◆ Your instructions
Given the records below, would you repeat exactly the lines that begin at the one containing "text In het dankwoord" and end at the one containing "table_cell Verhuurderheffing [422, 342, 736, 362]", inclusive?

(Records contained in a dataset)
===
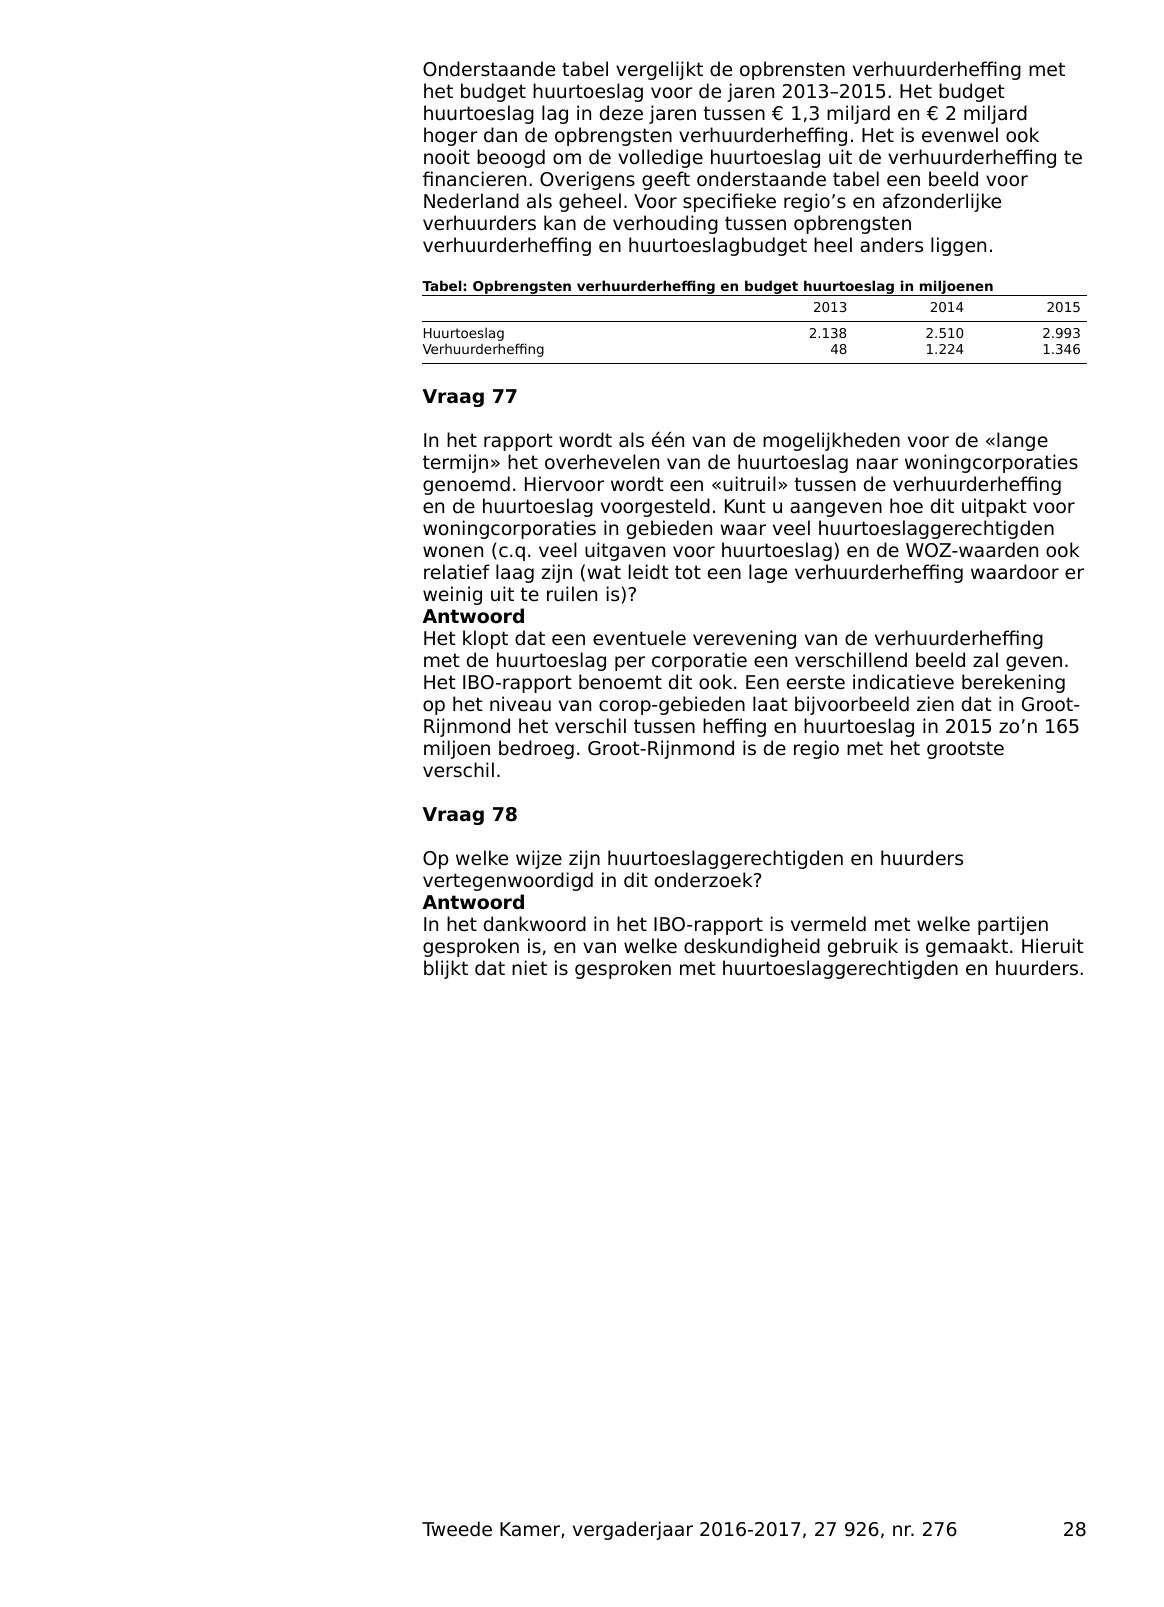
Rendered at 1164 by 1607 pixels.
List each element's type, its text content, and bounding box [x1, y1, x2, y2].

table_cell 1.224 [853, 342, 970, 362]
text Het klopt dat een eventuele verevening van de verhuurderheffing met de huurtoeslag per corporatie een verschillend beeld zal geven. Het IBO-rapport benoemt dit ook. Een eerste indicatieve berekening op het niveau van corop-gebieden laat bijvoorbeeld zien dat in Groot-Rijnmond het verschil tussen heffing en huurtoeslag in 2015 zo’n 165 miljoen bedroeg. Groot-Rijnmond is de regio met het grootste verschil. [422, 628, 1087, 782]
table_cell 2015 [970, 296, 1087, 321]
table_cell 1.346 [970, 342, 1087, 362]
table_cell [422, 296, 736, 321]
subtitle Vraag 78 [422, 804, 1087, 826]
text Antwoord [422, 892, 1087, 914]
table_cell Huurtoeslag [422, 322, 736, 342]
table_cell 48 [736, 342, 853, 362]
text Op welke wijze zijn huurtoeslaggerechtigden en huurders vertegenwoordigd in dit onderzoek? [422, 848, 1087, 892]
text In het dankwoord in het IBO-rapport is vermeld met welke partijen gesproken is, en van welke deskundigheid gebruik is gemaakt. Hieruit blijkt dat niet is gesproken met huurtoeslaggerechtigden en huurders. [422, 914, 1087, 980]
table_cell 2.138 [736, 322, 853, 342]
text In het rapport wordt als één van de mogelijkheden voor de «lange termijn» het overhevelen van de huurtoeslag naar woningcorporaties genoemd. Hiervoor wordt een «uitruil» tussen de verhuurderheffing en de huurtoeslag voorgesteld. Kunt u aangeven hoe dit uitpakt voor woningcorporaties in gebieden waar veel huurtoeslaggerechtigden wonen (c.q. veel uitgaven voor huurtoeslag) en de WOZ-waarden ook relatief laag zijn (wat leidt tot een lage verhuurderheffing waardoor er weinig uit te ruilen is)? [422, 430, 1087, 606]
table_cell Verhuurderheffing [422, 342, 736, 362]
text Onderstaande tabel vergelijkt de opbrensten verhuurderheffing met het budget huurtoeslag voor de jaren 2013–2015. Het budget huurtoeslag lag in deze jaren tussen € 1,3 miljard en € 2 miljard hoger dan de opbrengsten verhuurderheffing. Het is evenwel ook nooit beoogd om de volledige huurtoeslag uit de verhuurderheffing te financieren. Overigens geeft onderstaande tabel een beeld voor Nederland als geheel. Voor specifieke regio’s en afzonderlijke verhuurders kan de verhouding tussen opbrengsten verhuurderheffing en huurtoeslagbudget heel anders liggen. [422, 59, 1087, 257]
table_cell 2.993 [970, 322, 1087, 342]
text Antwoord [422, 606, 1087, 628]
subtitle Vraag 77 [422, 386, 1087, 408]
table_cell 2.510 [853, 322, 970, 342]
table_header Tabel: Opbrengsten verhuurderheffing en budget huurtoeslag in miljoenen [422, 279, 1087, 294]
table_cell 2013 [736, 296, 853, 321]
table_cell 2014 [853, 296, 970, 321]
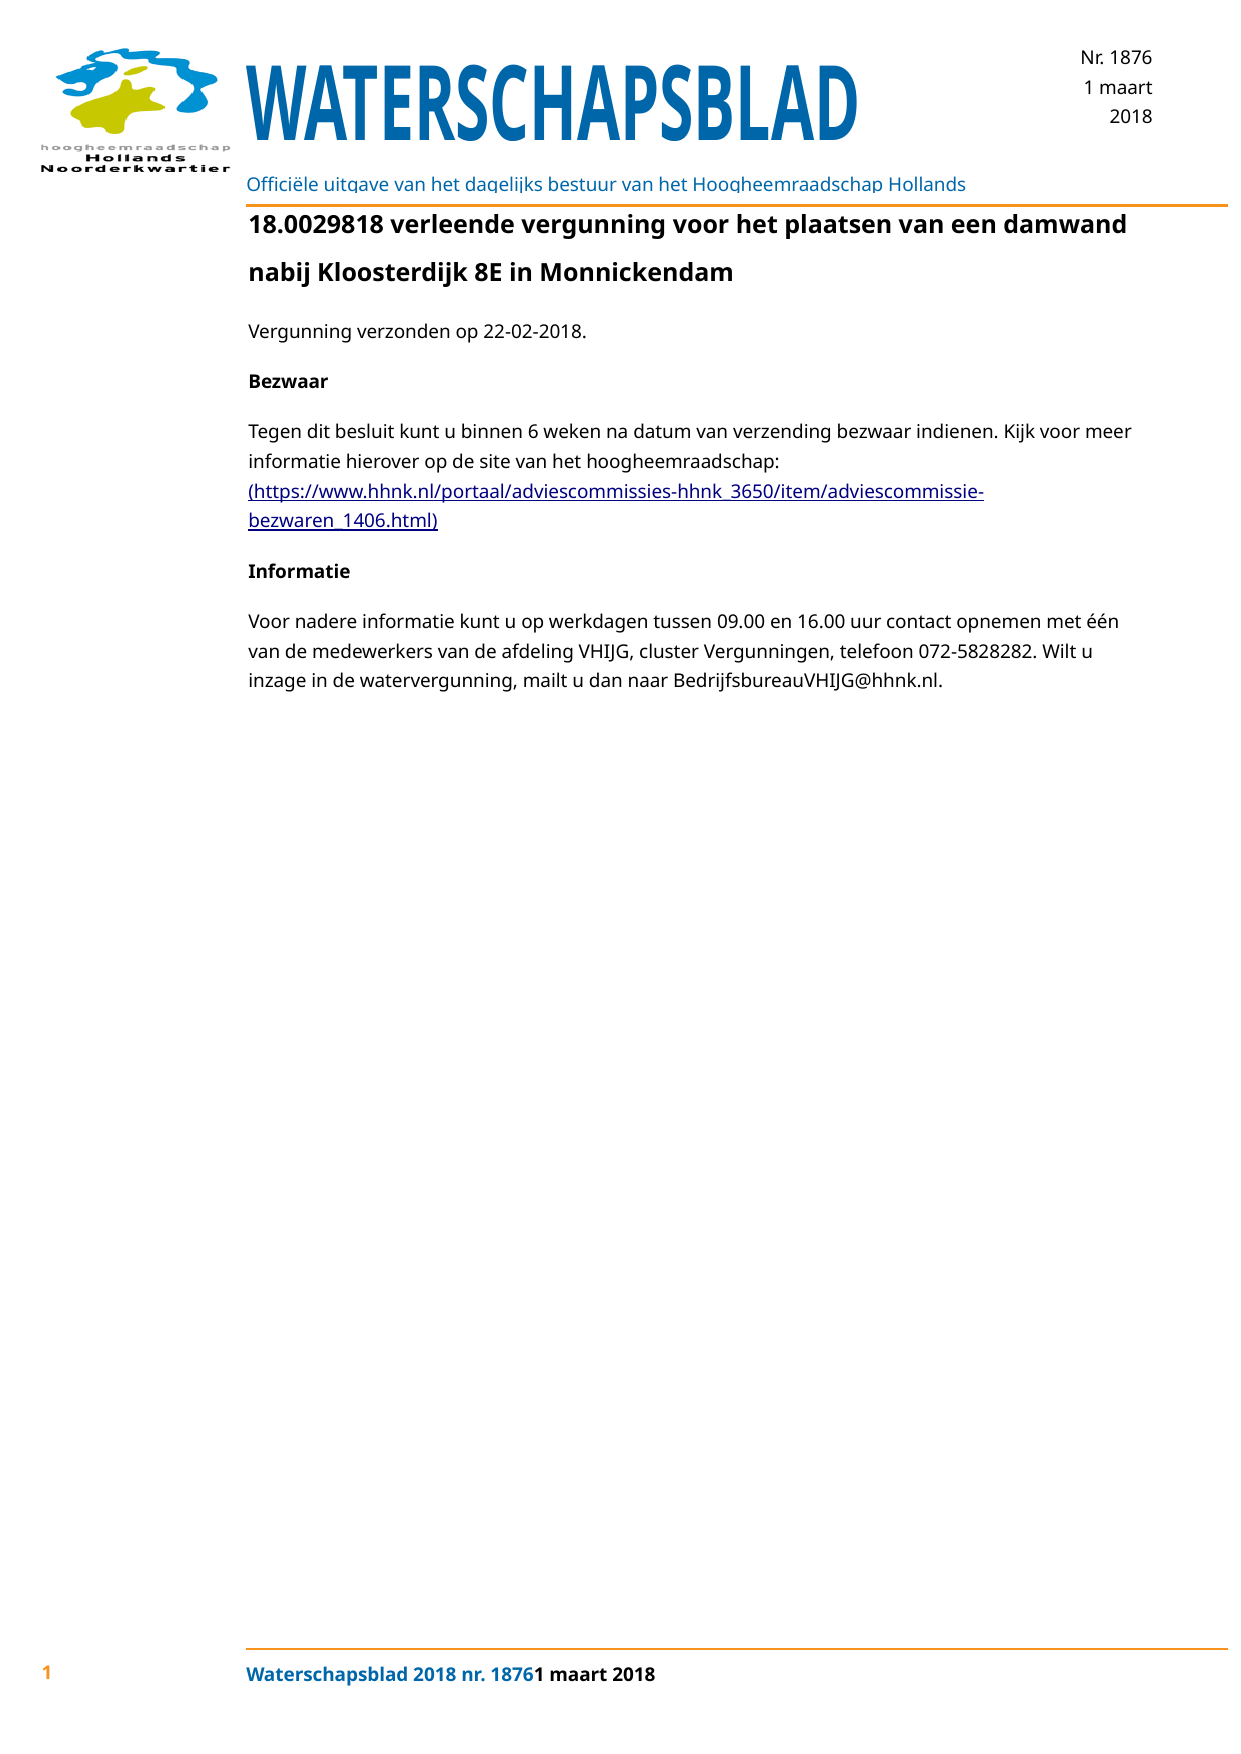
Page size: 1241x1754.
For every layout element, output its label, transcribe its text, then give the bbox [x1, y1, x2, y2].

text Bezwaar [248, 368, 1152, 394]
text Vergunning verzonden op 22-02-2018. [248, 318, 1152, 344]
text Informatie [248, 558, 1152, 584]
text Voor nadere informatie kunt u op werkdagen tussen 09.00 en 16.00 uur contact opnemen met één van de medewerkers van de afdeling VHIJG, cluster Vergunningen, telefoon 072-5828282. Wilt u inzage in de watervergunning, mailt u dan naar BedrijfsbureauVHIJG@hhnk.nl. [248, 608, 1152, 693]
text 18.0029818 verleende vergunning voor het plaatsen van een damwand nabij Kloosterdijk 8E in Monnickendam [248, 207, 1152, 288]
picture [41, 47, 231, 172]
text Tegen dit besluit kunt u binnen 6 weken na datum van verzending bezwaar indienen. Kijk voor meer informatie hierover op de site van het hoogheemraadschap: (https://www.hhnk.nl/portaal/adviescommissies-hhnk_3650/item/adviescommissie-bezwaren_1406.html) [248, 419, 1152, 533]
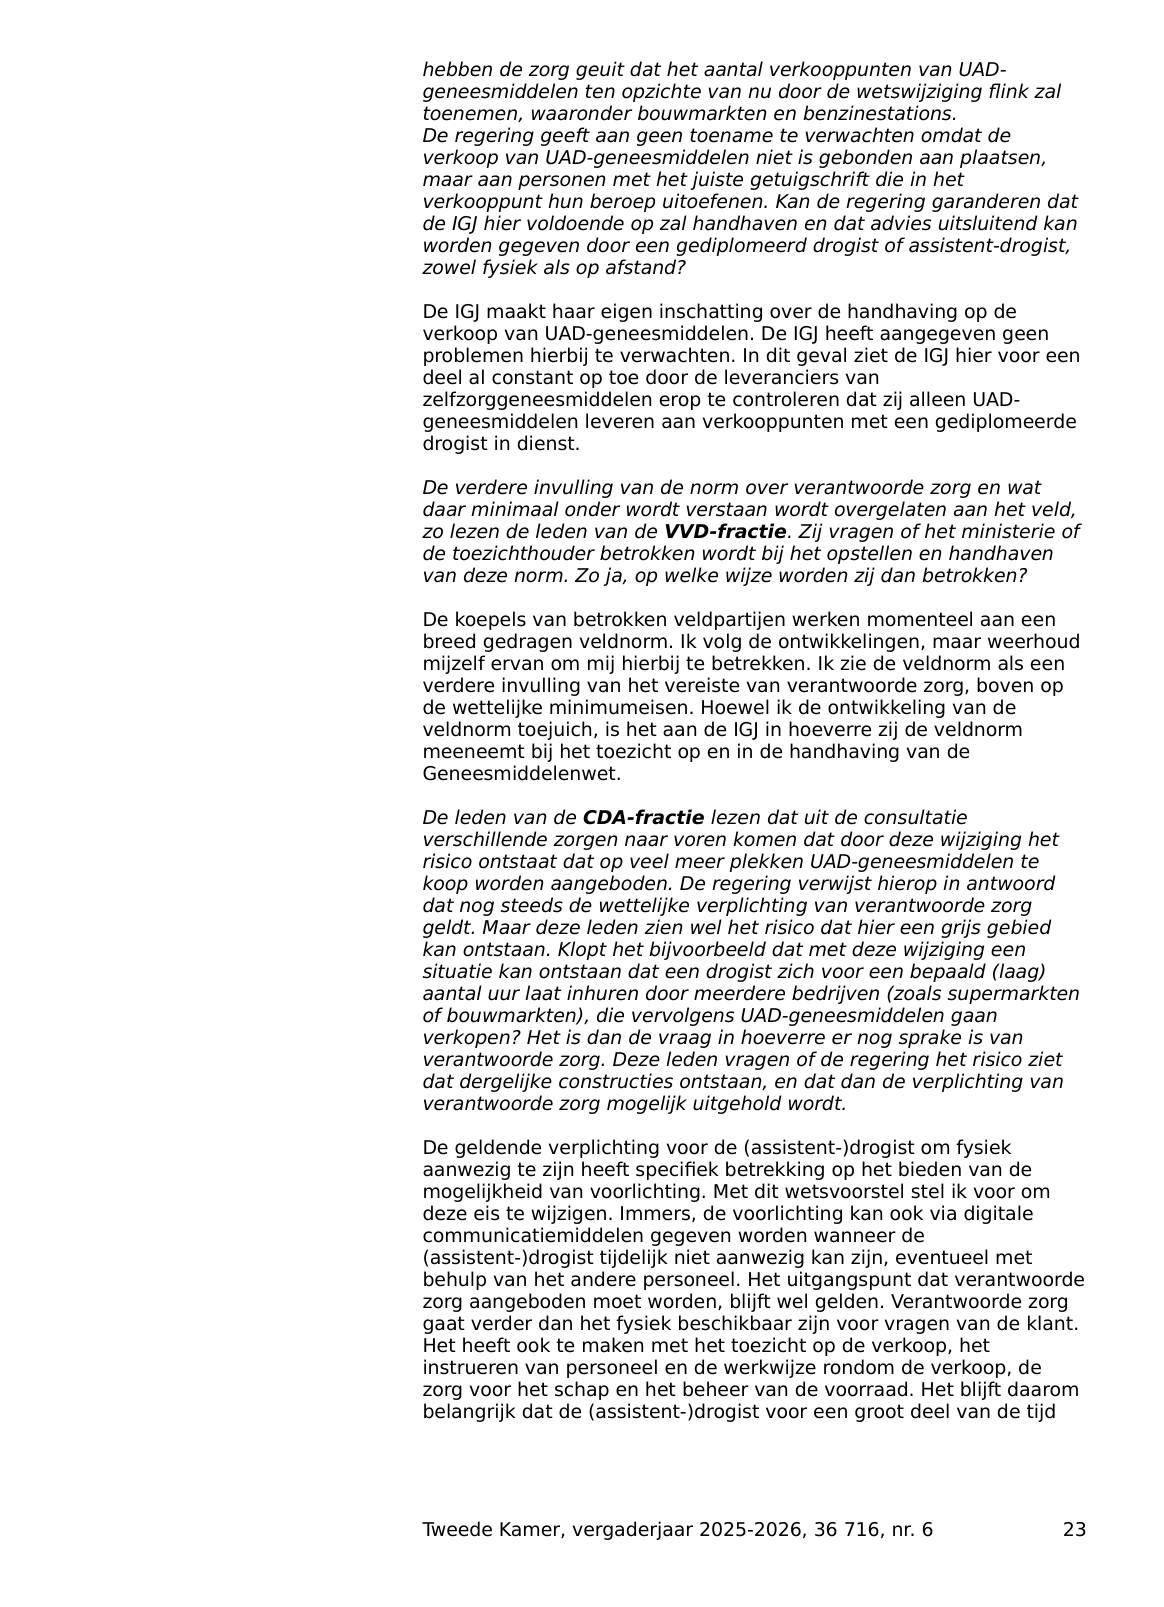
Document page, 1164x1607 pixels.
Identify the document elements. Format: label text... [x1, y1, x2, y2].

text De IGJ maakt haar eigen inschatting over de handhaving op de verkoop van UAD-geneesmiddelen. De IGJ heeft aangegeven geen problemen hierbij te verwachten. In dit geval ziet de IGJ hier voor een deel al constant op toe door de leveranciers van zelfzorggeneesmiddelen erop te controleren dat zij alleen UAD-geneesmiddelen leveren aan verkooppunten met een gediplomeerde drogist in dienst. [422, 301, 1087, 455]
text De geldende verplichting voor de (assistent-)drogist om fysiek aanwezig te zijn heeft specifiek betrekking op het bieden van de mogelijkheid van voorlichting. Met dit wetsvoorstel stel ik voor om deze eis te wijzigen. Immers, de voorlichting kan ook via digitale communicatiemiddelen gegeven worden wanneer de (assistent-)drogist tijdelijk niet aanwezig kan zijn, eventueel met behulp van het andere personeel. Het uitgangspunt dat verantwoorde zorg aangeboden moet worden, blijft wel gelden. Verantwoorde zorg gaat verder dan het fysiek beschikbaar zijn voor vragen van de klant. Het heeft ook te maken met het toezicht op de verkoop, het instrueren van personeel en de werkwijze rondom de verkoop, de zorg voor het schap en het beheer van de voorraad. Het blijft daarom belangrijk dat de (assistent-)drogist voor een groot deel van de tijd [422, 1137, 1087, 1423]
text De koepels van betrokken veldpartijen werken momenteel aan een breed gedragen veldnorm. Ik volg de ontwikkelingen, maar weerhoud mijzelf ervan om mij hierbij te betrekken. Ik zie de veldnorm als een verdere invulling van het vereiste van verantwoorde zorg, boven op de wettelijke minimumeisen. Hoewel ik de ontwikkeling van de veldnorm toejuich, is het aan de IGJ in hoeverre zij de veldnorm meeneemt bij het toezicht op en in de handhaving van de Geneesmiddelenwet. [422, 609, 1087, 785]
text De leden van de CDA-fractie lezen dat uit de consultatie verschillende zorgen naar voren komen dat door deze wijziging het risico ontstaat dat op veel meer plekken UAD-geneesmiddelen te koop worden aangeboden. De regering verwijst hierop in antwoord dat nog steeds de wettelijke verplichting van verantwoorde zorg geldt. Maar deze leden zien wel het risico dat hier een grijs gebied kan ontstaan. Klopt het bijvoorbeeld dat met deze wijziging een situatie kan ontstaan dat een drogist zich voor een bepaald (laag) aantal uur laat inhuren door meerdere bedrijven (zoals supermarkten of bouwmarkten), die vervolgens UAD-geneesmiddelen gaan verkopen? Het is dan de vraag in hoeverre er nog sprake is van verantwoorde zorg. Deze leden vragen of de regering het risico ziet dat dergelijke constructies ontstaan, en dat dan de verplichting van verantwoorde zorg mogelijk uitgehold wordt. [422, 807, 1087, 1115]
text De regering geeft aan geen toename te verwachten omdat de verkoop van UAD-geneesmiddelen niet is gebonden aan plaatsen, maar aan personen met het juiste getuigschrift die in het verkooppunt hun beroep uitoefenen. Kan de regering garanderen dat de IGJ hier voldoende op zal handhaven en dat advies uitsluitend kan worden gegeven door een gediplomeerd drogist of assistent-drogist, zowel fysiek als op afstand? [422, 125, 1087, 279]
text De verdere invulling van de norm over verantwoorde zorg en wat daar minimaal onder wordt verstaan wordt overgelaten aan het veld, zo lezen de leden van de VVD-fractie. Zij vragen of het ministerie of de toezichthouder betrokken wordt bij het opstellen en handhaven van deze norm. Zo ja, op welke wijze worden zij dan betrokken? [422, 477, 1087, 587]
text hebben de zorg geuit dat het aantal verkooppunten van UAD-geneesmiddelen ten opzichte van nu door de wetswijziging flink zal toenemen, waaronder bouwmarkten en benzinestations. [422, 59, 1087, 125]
===
◆ Final answer
text In het dankwoord in het IBO-rapport is vermeld met welke partijen gesproken is, en van welke deskundigheid gebruik is gemaakt. Hieruit blijkt dat niet is gesproken met huurtoeslaggerechtigden en huurders. [422, 914, 1087, 980]
table_cell 2.138 [736, 322, 853, 342]
text In het rapport wordt als één van de mogelijkheden voor de «lange termijn» het overhevelen van de huurtoeslag naar woningcorporaties genoemd. Hiervoor wordt een «uitruil» tussen de verhuurderheffing en de huurtoeslag voorgesteld. Kunt u aangeven hoe dit uitpakt voor woningcorporaties in gebieden waar veel huurtoeslaggerechtigden wonen (c.q. veel uitgaven voor huurtoeslag) en de WOZ-waarden ook relatief laag zijn (wat leidt tot een lage verhuurderheffing waardoor er weinig uit te ruilen is)? [422, 430, 1087, 606]
table_cell Verhuurderheffing [422, 342, 736, 362]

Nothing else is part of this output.